Optical Isomerism is a property of Organic Compounds in which they have the same molecular and structural formula but they can’t superimpose on each other. This is due to the different arrangement of carbon atoms in three-dimensional space. The structures exhibiting Optical isomerism are called Optical Isomers. Optical Isomerism is one of the most important concepts in Organic Chemistry and helps to understand various difficult reactions.

In this article, we will learn what is optical isomerism, its significance, types, examples and many more things.

What is Optical Isomerism?

Optical Isomerism is a kind of stereoisomerism which occurs when molecules are mirror images of one another but are not superimposable, despite sharing the same molecular and structural formulas. Because of their chiral centre, these molecules are also referred to as chiral molecules.

Optical Isomerism Definition

Optical Isomerism is defined as the property of organic compounds in which they have same molecular and structural formula but have non-superimposable images

Significance of Optical Isomerism in Chemistry

Optical isomerism is significant in substances that rotate the plane of polarized light, and the amount of rotation is dependent on various factors such as the concentration of the substance in the solution, the path length of the sample tube, the wavelength of the incident light, and the nature of the substance itself.

Optical Isomerism Example

One of the example of Optical isomerism is Butan-2-ol where the four carbons can be arranged in 3D space in two ways such as they are mirror image of each other and also non-superimposable.

Optical Isomer Definition

An optical isomer, is a stereoisomer that is non-superimposable onto its own mirror image. They are also known as antipodes or optical antipodes.

Optical Isomer Example

One of the best examples of Optical Isomer is D and L Glyceraldehyde which is discussed below:

Glyceraldehyde exists in two isomerism forms that are mirror images of each other. These isomers are referred to as D and L Glyceraldehydes. This absolute configuration is defined because of the OH group present on the second carbon. When the OH group is present on the right side of the molecules, it is considered D-Glyceraldehyde; when it’s present on the left side, it is considered L-Glyceraldehyde.

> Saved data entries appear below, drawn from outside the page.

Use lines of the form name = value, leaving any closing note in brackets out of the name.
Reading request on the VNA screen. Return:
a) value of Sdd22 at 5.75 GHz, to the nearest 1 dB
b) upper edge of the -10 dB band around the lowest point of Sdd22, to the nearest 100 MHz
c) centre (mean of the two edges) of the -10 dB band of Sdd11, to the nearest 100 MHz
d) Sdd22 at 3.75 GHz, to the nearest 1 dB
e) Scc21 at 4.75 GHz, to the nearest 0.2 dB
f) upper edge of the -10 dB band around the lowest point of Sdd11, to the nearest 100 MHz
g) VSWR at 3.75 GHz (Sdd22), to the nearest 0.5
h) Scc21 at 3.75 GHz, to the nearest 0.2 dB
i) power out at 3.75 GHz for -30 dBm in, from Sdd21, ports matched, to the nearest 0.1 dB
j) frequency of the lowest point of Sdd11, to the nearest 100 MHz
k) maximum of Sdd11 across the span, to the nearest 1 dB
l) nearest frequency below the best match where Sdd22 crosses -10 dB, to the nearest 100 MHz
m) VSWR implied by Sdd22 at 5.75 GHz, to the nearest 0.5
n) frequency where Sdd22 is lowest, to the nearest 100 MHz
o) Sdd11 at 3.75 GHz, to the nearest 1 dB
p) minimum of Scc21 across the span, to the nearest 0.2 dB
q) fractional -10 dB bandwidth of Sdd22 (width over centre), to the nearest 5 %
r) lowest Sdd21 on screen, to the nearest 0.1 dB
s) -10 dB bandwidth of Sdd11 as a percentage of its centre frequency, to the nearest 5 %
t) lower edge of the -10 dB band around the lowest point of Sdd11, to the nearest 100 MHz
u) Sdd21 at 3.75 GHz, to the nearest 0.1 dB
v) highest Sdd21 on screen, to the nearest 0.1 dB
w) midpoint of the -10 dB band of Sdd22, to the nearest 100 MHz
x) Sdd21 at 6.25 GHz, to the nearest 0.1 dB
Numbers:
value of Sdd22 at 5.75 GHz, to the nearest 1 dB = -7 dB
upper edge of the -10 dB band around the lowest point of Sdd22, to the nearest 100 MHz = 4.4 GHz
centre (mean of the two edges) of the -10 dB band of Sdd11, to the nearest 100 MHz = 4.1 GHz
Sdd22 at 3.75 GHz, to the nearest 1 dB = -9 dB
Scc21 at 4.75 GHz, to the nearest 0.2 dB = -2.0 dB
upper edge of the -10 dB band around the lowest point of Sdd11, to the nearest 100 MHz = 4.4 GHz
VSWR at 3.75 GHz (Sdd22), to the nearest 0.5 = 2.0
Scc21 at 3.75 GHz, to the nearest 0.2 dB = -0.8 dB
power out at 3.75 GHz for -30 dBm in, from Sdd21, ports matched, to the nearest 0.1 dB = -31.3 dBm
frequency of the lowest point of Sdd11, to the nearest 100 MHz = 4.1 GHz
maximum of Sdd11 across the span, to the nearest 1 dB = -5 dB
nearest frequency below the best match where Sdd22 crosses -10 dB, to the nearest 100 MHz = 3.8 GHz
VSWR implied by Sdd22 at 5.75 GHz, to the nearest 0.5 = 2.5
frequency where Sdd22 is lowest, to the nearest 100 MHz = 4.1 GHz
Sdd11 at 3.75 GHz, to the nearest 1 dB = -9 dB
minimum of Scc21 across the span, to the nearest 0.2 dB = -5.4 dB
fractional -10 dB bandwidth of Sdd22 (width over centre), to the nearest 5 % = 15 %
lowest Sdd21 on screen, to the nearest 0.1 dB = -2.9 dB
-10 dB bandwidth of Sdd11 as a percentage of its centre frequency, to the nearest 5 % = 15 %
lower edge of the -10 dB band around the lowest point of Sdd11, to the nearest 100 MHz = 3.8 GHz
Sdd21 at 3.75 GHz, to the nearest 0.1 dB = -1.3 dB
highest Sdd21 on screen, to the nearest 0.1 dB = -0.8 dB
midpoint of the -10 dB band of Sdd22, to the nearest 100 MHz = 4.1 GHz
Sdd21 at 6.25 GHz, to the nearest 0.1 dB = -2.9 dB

Chiral and Achiral Molecules

Chilarity is an important geometric property of a molecule’s symmetry. On this basis, molecules are divided into two types which are:

• Chiral Molecules
• Achiral Molecules

Chiral molecules

Chiral molecules are molecules that have a non-superimposable mirror image. They are frequently identified as “right-handed” or “left-handed” based on some other criterion or their absolute configuration.

One or more chiral centres can be found in chiral molecules, which are nearly always tetrahedral (sp3-hybridized) carbons with four distinct substituents. The presence of an asymmetric carbon atom is often the feature that causes chirality in molecules. Chiral molecules are optically active, meaning they rotate polarized light.

Achiral molecules

Achiral molecules are superimposable with their mirror images, meaning they can be rotated to the same shape. These molecules have a plane of symmetry or a centre of symmetry. They may have chiral conformations but are not chiral due to their symmetry. They do not rotate plane-polarized light. Examples of achiral molecules include meso compounds, which have a stereocenter but are not chiral due to their symmetry.

What are Enantiomers?

Enantiomers are non-superimposable mirror images of each other, much like a person’s right and left hands. They are often compared to hands because, without mirroring, one cannot be superimposed onto the other.

Relationship between Enantiomers

Enantiomers have distinct effects and interactions with other chiral molecules. They are distinguished by their ability to rotate plane-polarized light to equal but opposite angles, a property known as optical activity. When two enantiomers are present in equal proportions, they form a racemic mixture, which does not rotate polarized light because the optical activity of each enantiomer cancels out the other.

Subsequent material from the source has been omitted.